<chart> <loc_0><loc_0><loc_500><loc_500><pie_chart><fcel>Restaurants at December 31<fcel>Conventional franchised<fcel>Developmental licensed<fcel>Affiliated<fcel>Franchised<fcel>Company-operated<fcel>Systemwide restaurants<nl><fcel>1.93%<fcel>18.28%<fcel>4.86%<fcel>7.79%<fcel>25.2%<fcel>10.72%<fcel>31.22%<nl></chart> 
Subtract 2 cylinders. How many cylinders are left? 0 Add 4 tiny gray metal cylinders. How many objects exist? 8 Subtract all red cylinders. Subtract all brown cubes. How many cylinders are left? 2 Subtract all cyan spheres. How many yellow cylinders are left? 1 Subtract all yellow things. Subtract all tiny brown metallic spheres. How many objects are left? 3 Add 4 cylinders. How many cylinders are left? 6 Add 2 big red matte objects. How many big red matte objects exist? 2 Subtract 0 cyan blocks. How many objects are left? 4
# # #
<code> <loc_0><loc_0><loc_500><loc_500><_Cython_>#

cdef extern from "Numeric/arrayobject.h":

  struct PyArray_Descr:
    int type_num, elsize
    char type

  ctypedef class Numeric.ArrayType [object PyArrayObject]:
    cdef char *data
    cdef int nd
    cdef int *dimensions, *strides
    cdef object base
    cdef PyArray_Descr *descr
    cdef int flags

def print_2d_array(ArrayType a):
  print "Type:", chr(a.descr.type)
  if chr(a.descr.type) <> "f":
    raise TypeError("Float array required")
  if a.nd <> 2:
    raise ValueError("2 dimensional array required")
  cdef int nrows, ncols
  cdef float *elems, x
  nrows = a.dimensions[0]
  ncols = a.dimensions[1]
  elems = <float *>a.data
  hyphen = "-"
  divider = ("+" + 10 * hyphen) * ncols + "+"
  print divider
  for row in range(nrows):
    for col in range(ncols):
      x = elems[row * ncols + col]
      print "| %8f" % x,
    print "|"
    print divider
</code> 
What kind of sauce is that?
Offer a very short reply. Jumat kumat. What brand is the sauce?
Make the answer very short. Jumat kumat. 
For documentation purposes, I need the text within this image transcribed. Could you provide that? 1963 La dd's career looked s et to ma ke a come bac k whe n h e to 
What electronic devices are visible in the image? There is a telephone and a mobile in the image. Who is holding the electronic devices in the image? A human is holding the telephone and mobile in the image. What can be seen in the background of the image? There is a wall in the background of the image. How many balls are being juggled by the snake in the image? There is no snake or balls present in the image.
# # #
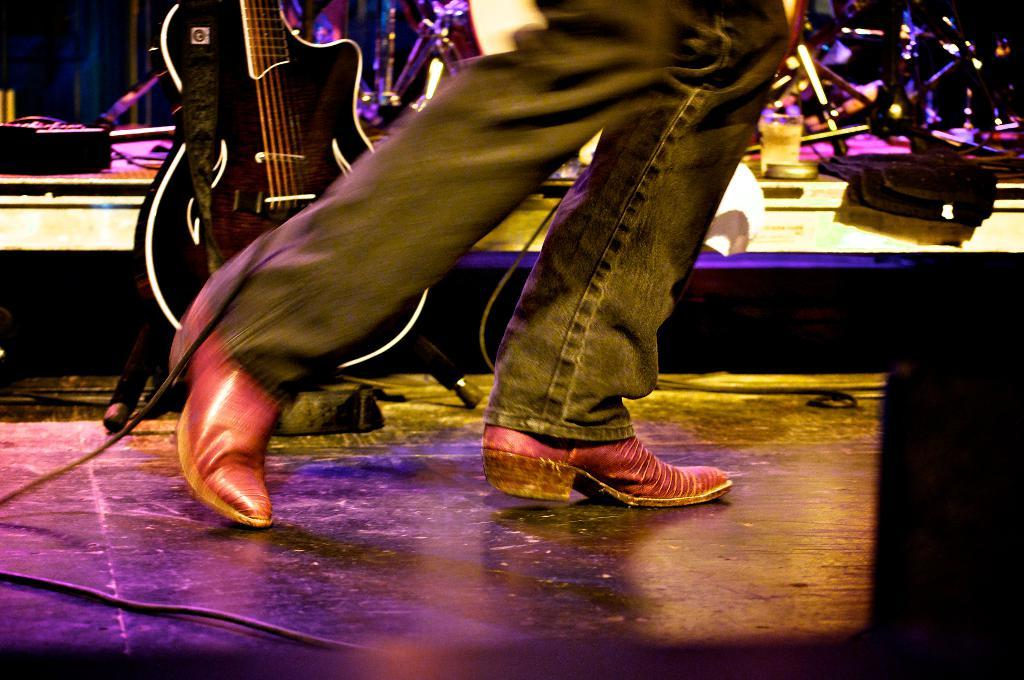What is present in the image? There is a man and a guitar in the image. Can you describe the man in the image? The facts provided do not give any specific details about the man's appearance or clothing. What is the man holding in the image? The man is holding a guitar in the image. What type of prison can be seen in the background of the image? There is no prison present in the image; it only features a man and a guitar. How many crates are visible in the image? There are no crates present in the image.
# # #
§ **Instructions for the task**: Where a line of the data above includes the string "divider", pull it out.

§ **Response to this task**:
  divider = ("+" + 10 * hyphen) * ncols + "+"
  print divider
    print divider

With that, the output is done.